As investors move into new markets like crowdfund investments, where historical information may be hard to find, issuers willing to pay dividends might realize that this is one of the best roadmaps available to building capital formation and shareholder confidence, since paying dividends usually telegraph management’s confidence in the future of the company.
Congress provided the framework; now the SEC has the longitude and latitude to implement provisions that will govern a capital market in need of dyer change.
Crowdfunding is set to revolutionize the financial capital markets by combining social media and debt/equity-based financing. Crowdfunding is poised to usher in a new asset class that will change how early stage financing transactions are consummated. In addition, it will create a new investor class that could start the journey to wealth creation for the next generation.

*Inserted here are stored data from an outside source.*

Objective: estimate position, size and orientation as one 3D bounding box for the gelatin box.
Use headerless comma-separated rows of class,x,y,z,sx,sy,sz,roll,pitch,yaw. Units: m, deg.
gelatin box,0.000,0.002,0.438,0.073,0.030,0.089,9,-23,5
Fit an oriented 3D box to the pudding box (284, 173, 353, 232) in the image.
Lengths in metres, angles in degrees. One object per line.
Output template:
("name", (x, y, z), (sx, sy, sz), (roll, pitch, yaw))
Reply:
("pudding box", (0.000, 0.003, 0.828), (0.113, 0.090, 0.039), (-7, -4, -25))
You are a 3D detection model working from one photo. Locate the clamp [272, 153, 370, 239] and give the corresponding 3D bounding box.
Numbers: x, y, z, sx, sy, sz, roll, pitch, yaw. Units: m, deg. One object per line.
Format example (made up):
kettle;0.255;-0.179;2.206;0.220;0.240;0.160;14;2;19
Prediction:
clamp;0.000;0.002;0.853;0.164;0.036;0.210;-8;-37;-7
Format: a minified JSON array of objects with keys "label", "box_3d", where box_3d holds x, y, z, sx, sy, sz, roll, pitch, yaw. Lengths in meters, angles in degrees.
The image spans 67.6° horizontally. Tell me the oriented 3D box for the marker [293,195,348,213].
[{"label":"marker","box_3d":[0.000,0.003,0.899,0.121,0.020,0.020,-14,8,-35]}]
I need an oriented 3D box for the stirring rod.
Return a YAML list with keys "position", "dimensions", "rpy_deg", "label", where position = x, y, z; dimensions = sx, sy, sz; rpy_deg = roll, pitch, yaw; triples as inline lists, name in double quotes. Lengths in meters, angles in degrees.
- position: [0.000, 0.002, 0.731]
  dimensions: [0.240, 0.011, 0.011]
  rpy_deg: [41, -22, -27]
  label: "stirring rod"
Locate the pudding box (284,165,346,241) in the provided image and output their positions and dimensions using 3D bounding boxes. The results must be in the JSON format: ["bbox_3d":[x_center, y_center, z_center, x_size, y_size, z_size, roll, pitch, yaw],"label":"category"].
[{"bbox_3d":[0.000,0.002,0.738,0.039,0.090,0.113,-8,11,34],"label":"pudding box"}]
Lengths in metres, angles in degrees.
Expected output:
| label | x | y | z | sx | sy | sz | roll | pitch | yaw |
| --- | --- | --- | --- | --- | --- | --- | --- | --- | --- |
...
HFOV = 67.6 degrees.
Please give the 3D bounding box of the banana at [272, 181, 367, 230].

Crowdfunding will become a prevalent way to gain access to capital; it is already happening today and has become big business. Transparency is the core requirement for both the entrepreneur and investors the opportunity to spur job creation and provide access to the public capital markets for small and emerging companies is now.
If the rules become too burdensome, or if incentives become diminished for any party, the ecosystem will operate far below its potential – if at all. Companies will have difficulty reaching new investors, innovation and job creation will remain hampered, and the economy will suffer.
A vibrant capital market is the foundation of a healthy economy that creates jobs – for everyone.
Kim Wales is the founder of Wales Capital and CrowdBureau. She is a sought after thought leader on topics related to the JOBS Act, Crowdfunding and AIFMD. Kim writes for several publications, consults all size organizations and governments and speaker at many global conferences. Wales Capital is a global management consulting firm and trusted advisor. CrowdBureau is a Collective Market Intelligence ratings agency. Both are headquartered in New York, NY.